Task:
Please write out exactly the lines of the data below from the line holding "text Er kan" through the line holding "text Gemeente Tilburg", and leave out the rest.

Records provided:
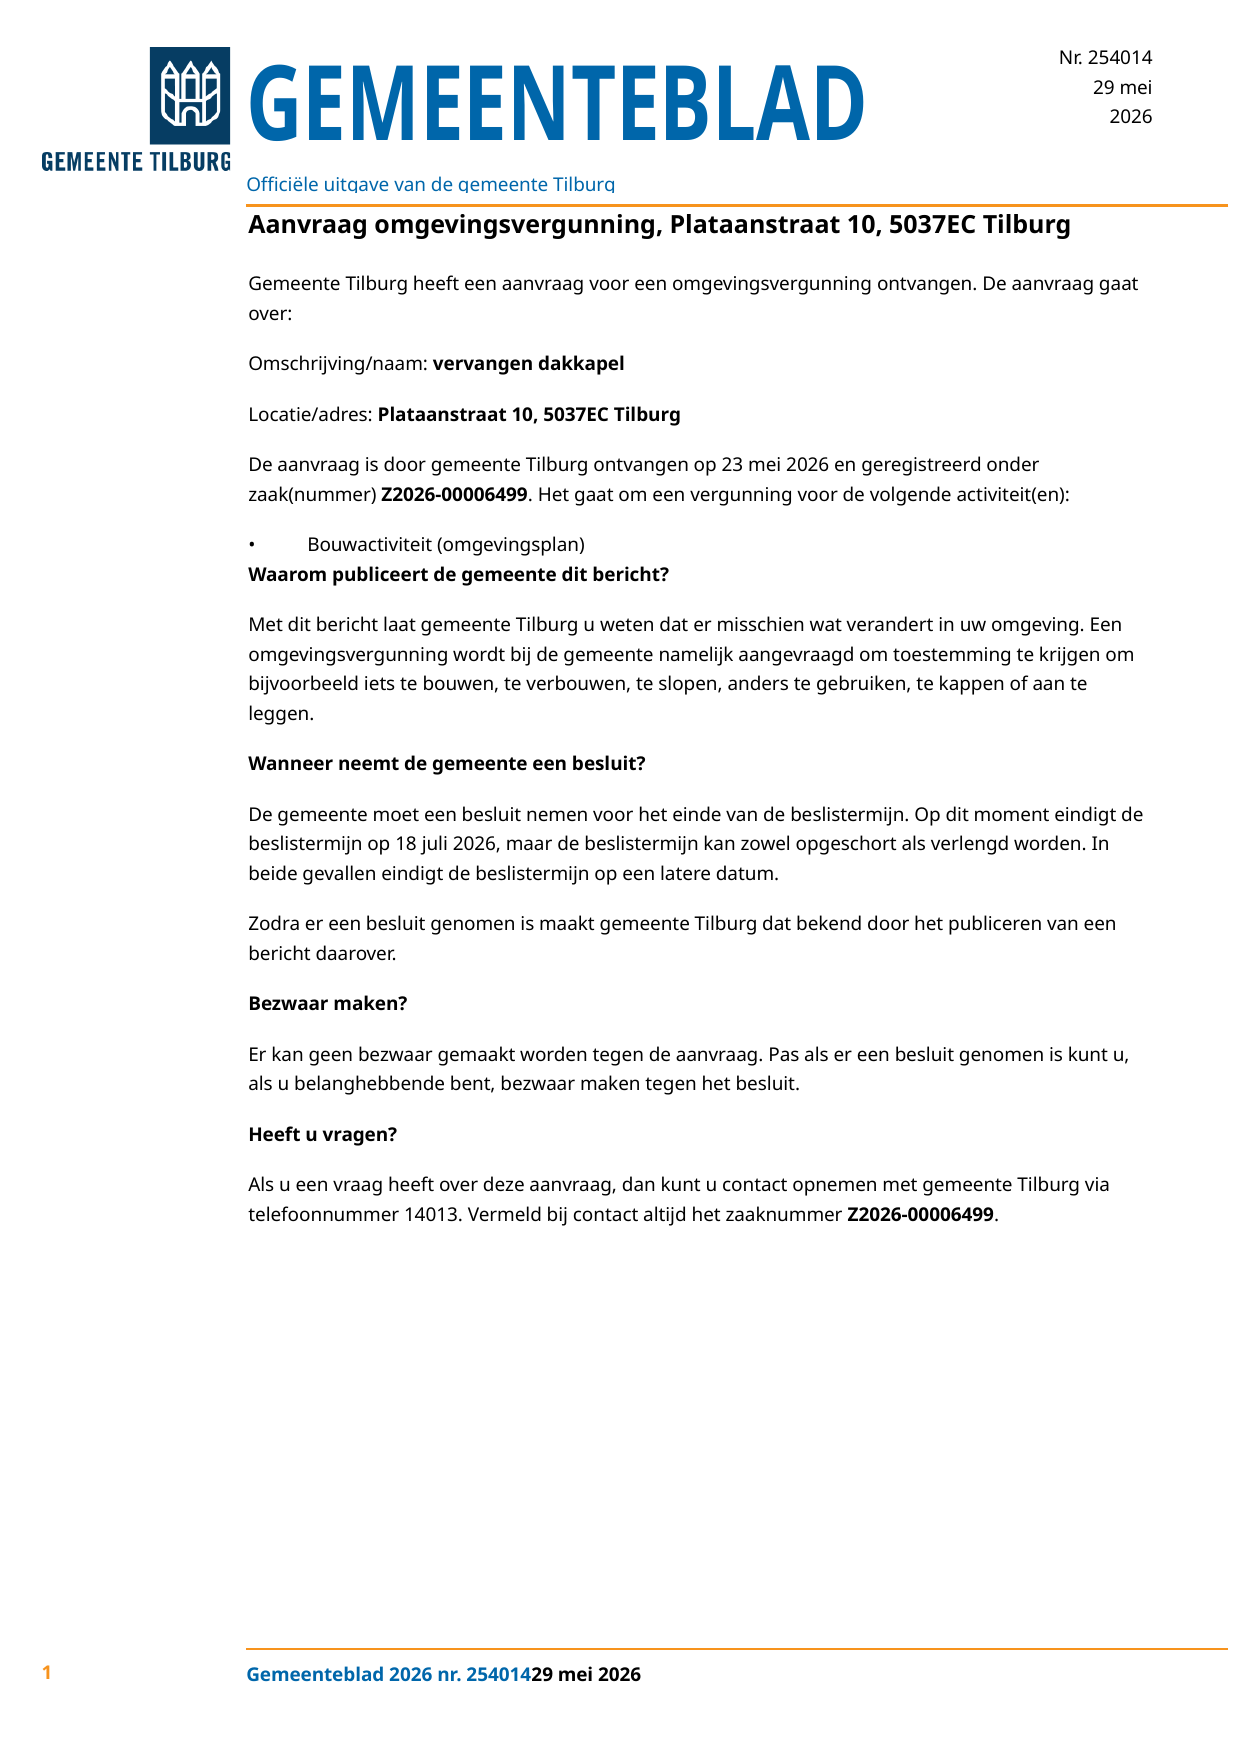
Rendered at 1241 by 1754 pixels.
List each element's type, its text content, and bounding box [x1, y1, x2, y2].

text Aanvraag omgevingsvergunning, Plataanstraat 10, 5037EC Tilburg [248, 207, 1152, 241]
text Bezwaar maken? [248, 990, 1152, 1016]
text De gemeente moet een besluit nemen voor het einde van de beslistermijn. Op dit moment eindigt de beslistermijn op 18 juli 2026, maar de beslistermijn kan zowel opgeschort als verlengd worden. In beide gevallen eindigt de beslistermijn op een latere datum. [248, 801, 1152, 886]
picture [41, 47, 231, 172]
text Er kan geen bezwaar gemaakt worden tegen de aanvraag. Pas als er een besluit genomen is kunt u, als u belanghebbende bent, bezwaar maken tegen het besluit. [248, 1041, 1152, 1096]
text Zodra er een besluit genomen is maakt gemeente Tilburg dat bekend door het publiceren van een bericht daarover. [248, 910, 1152, 966]
text Gemeente Tilburg heeft een aanvraag voor een omgevingsvergunning ontvangen. De aanvraag gaat over: [248, 270, 1152, 326]
list Bouwactiviteit (omgevingsplan) [248, 531, 1152, 557]
text De aanvraag is door gemeente Tilburg ontvangen op 23 mei 2026 en geregistreerd onder zaak(nummer) Z2026-00006499. Het gaat om een vergunning voor de volgende activiteit(en): [248, 451, 1152, 506]
text Waarom publiceert de gemeente dit bericht? [248, 561, 1152, 586]
text Met dit bericht laat gemeente Tilburg u weten dat er misschien wat verandert in uw omgeving. Een omgevingsvergunning wordt bij de gemeente namelijk aangevraagd om toestemming te krijgen om bijvoorbeeld iets te bouwen, te verbouwen, te slopen, anders te gebruiken, te kappen of aan te leggen. [248, 611, 1152, 726]
text Locatie/adres: Plataanstraat 10, 5037EC Tilburg [248, 401, 1152, 426]
text Wanneer neemt de gemeente een besluit? [248, 750, 1152, 776]
text Als u een vraag heeft over deze aanvraag, dan kunt u contact opnemen met gemeente Tilburg via telefoonnummer 14013. Vermeld bij contact altijd het zaaknummer Z2026-00006499. [248, 1171, 1152, 1226]
text Heeft u vragen? [248, 1121, 1152, 1146]
text Omschrijving/naam: vervangen dakkapel [248, 350, 1152, 376]

The answer:
text Er kan geen bezwaar gemaakt worden tegen de aanvraag. Pas als er een besluit genomen is kunt u, als u belanghebbende bent, bezwaar maken tegen het besluit. [248, 1041, 1152, 1096]
text Zodra er een besluit genomen is maakt gemeente Tilburg dat bekend door het publiceren van een bericht daarover. [248, 910, 1152, 966]
text Gemeente Tilburg heeft een aanvraag voor een omgevingsvergunning ontvangen. De aanvraag gaat over: [248, 270, 1152, 326]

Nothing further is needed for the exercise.